Robinson, and later Gertrude Jekyll, were the founders of the Edwardian ‘naturalistic garden within formal bounds’ style (not forgetting my architectural and landscape designer hero, Sir Edwin Lutyens). Jekyll was specific about the placing of grasses – often close to water, but also in borders (e.g. Blue Lyme Grass or Elymus arenarius) and Luzula sylvatica (Common Woodrush) in woodland, used as ground cover.

Stipa gigantea

Stipa gigantea

 

Both Robinson and Jekyll were influential in America, where some grasses such as Miscanthus and Pampas grasses were proving popular, fitting in well in large American landscapes. This was the birth of the ‘prairie style’ of garden design in America where designers such as Jens Jensen and Frank Llloyd Wright led the way.

After a dip in popularity the style returned in the 1950’s, and at about the same time, on continental Europe nurserymen like German Karl Foerster (who’s given his name to one of my favourite grasses, Calamagrostis x acutiflora ‘Karl Foerster’), were assembling plants from around the world and associating them with the naturalistic style of garden design. Foerster was followed by another group of nurserymen who advocated the use of grasses in forming natural, self sustaining plant communities where pesticides and herbicides would not be necessary.

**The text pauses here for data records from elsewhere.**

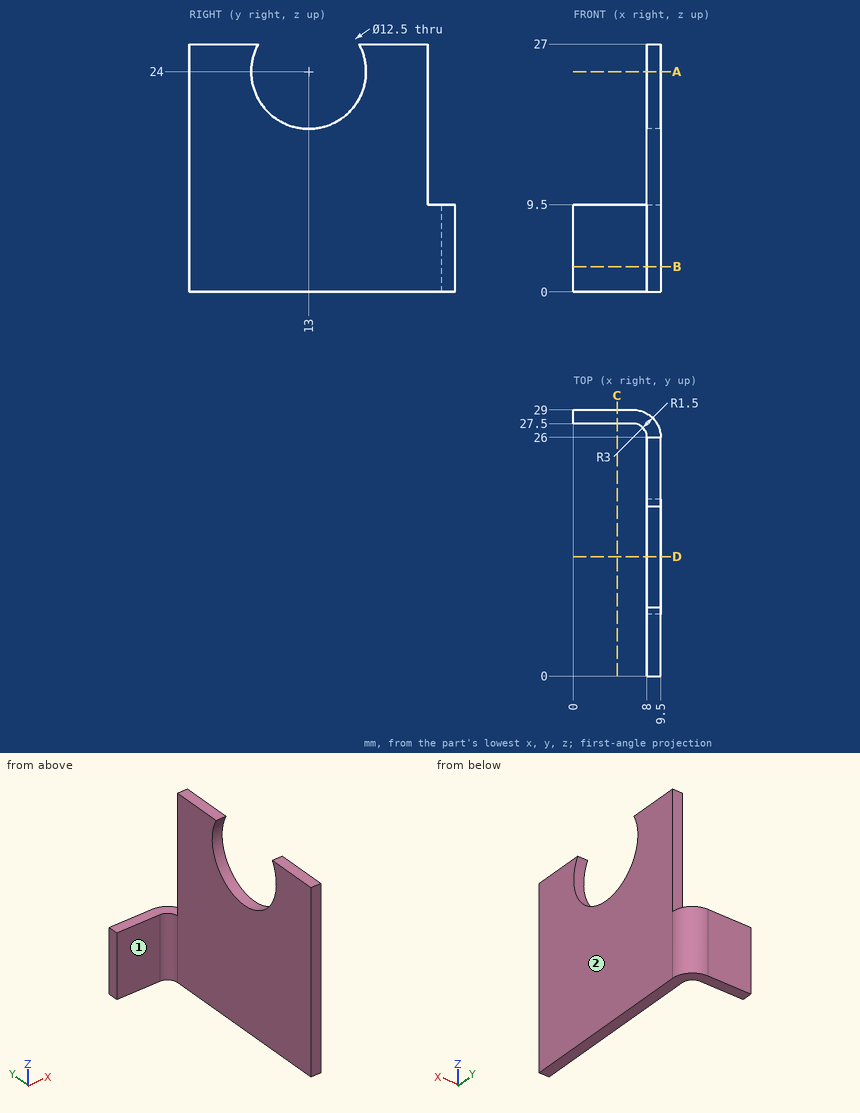
Geometry check sheet. Reference: drawing and pictorial views, mm from the part's lowest x, y, z. A direction names the side the tool comes from. Round coordinates to 2 decimals unless told otherwise and drop trailing zeros. Loops run counter-clockwise (first coordinate to the right, second up) from the corner with the lowest first, then second, coordinate; pieces in that order, holes last. Notation, with made-up numbers: M 17,23 L 57,23 A23 cw 57,53 Z; hole C 37.5,-6.5 d11. An arc over 180 degrees is marked long. Return JSON: item names as keys, results as strings. Group by question number.
(1) Scan lines: line 1 along Y through (x, z) = (9.15, 24); line 2 along Y through (x, z) = (2.5, 1.5); line 3 along X through (y, z) = (7.5, 13). Record each from-to range of solid material in increasing order. Write a range as [from, to].
(2) Section check C-C, the plane x = 4.75. Enter the section's corners in (y, z).
(3) Go/stop test with flat-tipped pins: pin 1 (1.6 mm diameter, centred on x = 9, z = 21.5, fed in from +Y); pin 2 (2.5 mm diameter, centred on x = 3, y = 27, fed in from +Z); pin 3 (2 mm diameter, centred on x = 2, z = 6, fed in from -Y). Record where each tip stops, or that it passes through.
(4) Section check D-D, the plane y = 13. Enter the section's corners in (x, z).
(5) Section check A-A, the plane z = 24. Enter the section's corners in (x, y), and give its area (4 significant figures).
(6) Set-up check for the marked faces 1 and 2: record each of +Z, -Z, +X, -X, +Y, -Y from which the full face is reachable in a straight line by a thin tool's end or side.
(7) Section check B-B, the plane z = 2.75. Enter the section's corners in (x, y), and give its area (3 significant figures).
Data:
{
 "1": {"line 1": "[0, 6.75], [19.25, 26]", "line 2": "[27.5, 29]", "line 3": "[8, 9.5]"},
 "2": {"outline": "M 27.5,0 L 29,0 L 29,9.5 L 27.5,9.5 Z"},
 "3": {"pin 1": "y = 26", "pin 2": "z = 9.5", "pin 3": "y = 27.5"},
 "4": {"outline": "M 8,0 L 9.5,0 L 9.5,17.75 L 8,17.75 Z"},
 "5": {"outline": "M 8,0 L 9.5,0 L 9.5,6.75 L 8,6.75 Z; M 8,19.25 L 9.5,19.25 L 9.5,26 L 8,26 Z", "area": "20.25 mm²"},
 "6": {"face 1": "+Z, -Z, -X, -Y", "face 2": "+Z, -Z, +X, +Y, -Y"},
 "7": {"outline": "M 0,27.5 L 6.5,27.5 A1.5 cw 8,26 L 8,0 L 9.5,0 L 9.5,26 A3 ccw 6.5,29 L 0,29 Z", "area": "54.1 mm²"}
}

Another stimulus was the growing awareness of climate change and the increased frequency of drought conditions, so choosing plants that could withstand these harsher times were a logical response.

Leaves of Miscanthus sinensis 'Zebrinus'- Zebra grass

Leaves of Miscanthus sinensis ‘Zebrinus’- Zebra grass

 

The combination of interest in North America and continental Europe led to the modern ‘new wave’ garden of designers like the Oehem van Sweden partnership in east coast America. From  here the ideas of naturalistic planting spread to South America under the patronage of designer Burle Marx and in more modern times via Dutchman Piet Oudulph, who has created some classic gardens in the UK and been very influential in the use of grasses and other ’prairie plants’ as stand alone designs, as well as leading to the increased use of grasses within traditional herbaceous and mixed borders.

This is how I use grasses in Old School Garden and in some of my designs for other gardens, e.g. the entrance border at Gressenhall Farm and Workhouse Museum, Norfolk.

So that’s the background to grasses in the garden – what are the design tips to follow?  My next article will tell all….

Part of the Piet Oudolph beds at RHS Wisley Gardens

Part of the Piet Oudolph – designed beds at RHS Wisley Gardens

 

Source: ‘Grasses’- Roger Grounds (RHS and Quadrille Publishing)

Further information: Prairie planting

Old School Gardener

The Kitchen Garden in Old School Garden- my attempt to create something productive and also pleasant to look at.

The Kitchen Garden in Old School Garden- my attempt to create something productive and also pleasant to look at.

This week’s ‘snippet on style’ looks at Productive Gardens- those where the emphasis is on growing food.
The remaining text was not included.